> TASK STATEMENT:
Could you copy the records below exactly, keeping none of the images?

Data entries:
■ ■ ■ ■

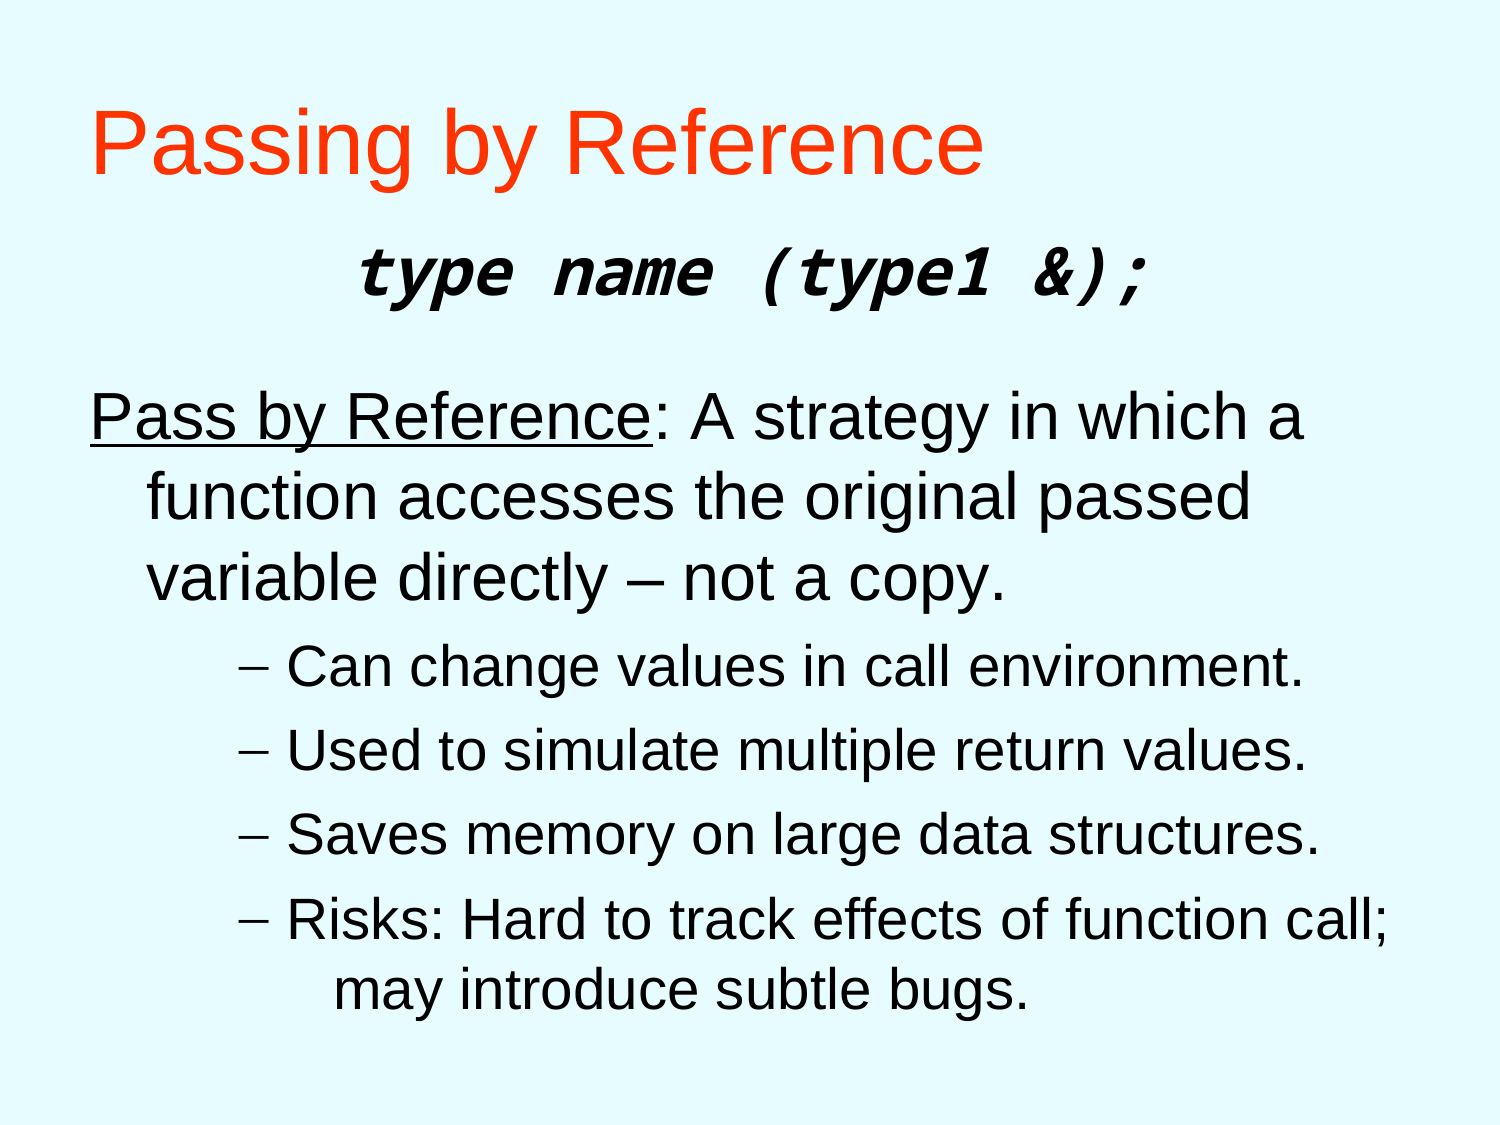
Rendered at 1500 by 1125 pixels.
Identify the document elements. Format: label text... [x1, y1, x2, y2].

text_box type name (type1 &); [270, 221, 1230, 330]
title Passing by Reference [75, 45, 1423, 231]
list Pass by Reference: A strategy in which a function accesses the original passed variable directly – not a copy. Can change values in call environment. Used to simulate multiple return values. Saves memory on large data structures. Risks: Hard to track effects of function call; may introduce subtle bugs. [75, 365, 1423, 1051]
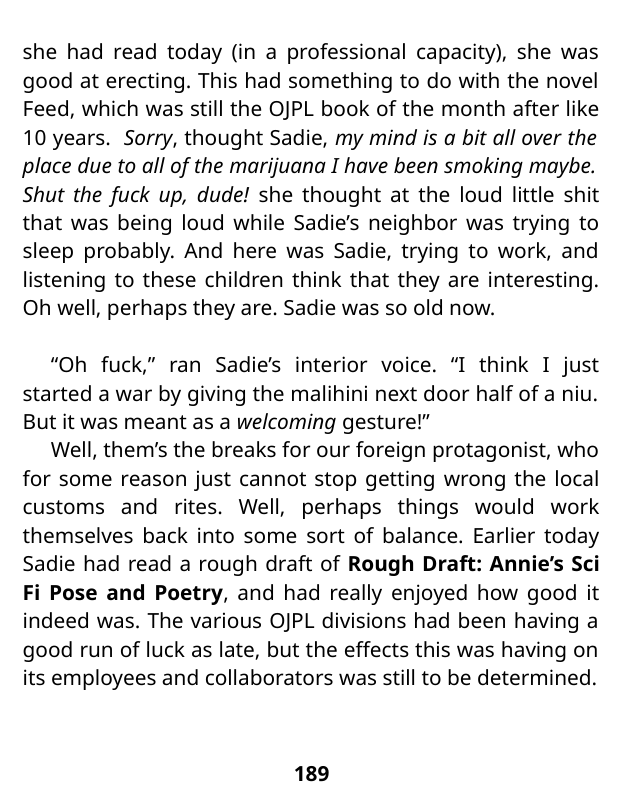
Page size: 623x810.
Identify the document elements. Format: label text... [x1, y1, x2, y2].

text Well, them’s the breaks for our foreign protagonist, who for some reason just cannot stop getting wrong the local customs and rites. Well, perhaps things would work themselves back into some sort of balance. Earlier today Sadie had read a rough draft of Rough Draft: Annie’s Sci Fi Pose and Poetry, and had really enjoyed how good it indeed was. The various OJPL divisions had been having a good run of luck as late, but the effects this was having on its employees and collaborators was still to be determined. [22, 436, 600, 692]
text she had read today (in a professional capacity), she was good at erecting. This had something to do with the novel Feed, which was still the OJPL book of the month after like 10 years. Sorry, thought Sadie, my mind is a bit all over the place due to all of the marijuana I have been smoking maybe. Shut the fuck up, dude! she thought at the loud little shit that was being loud while Sadie’s neighbor was trying to sleep probably. And here was Sadie, trying to work, and listening to these children think that they are interesting. Oh well, perhaps they are. Sadie was so old now. [22, 37, 600, 322]
text “Oh fuck,” ran Sadie’s interior voice. “I think I just started a war by giving the malihini next door half of a niu. But it was meant as a welcoming gesture!” [22, 350, 600, 436]

■ ■ ■ ■

> RESPONSE:
Rendered at 1500 by 1125 pixels.
Identify the document elements. Format: label text... [x1, y1, x2, y2].

text_box type name (type1 &); [270, 221, 1230, 330]
title Passing by Reference [75, 45, 1423, 231]
list Pass by Reference: A strategy in which a function accesses the original passed variable directly – not a copy. Can change values in call environment. Used to simulate multiple return values. Saves memory on large data structures. Risks: Hard to track effects of function call; may introduce subtle bugs. [75, 365, 1423, 1051]
Page size: 623x810.
Identify the document elements. Format: label text... [x1, y1, x2, y2].

text Well, them’s the breaks for our foreign protagonist, who for some reason just cannot stop getting wrong the local customs and rites. Well, perhaps things would work themselves back into some sort of balance. Earlier today Sadie had read a rough draft of Rough Draft: Annie’s Sci Fi Pose and Poetry, and had really enjoyed how good it indeed was. The various OJPL divisions had been having a good run of luck as late, but the effects this was having on its employees and collaborators was still to be determined. [22, 436, 600, 692]
text she had read today (in a professional capacity), she was good at erecting. This had something to do with the novel Feed, which was still the OJPL book of the month after like 10 years. Sorry, thought Sadie, my mind is a bit all over the place due to all of the marijuana I have been smoking maybe. Shut the fuck up, dude! she thought at the loud little shit that was being loud while Sadie’s neighbor was trying to sleep probably. And here was Sadie, trying to work, and listening to these children think that they are interesting. Oh well, perhaps they are. Sadie was so old now. [22, 37, 600, 322]
text “Oh fuck,” ran Sadie’s interior voice. “I think I just started a war by giving the malihini next door half of a niu. But it was meant as a welcoming gesture!” [22, 350, 600, 436]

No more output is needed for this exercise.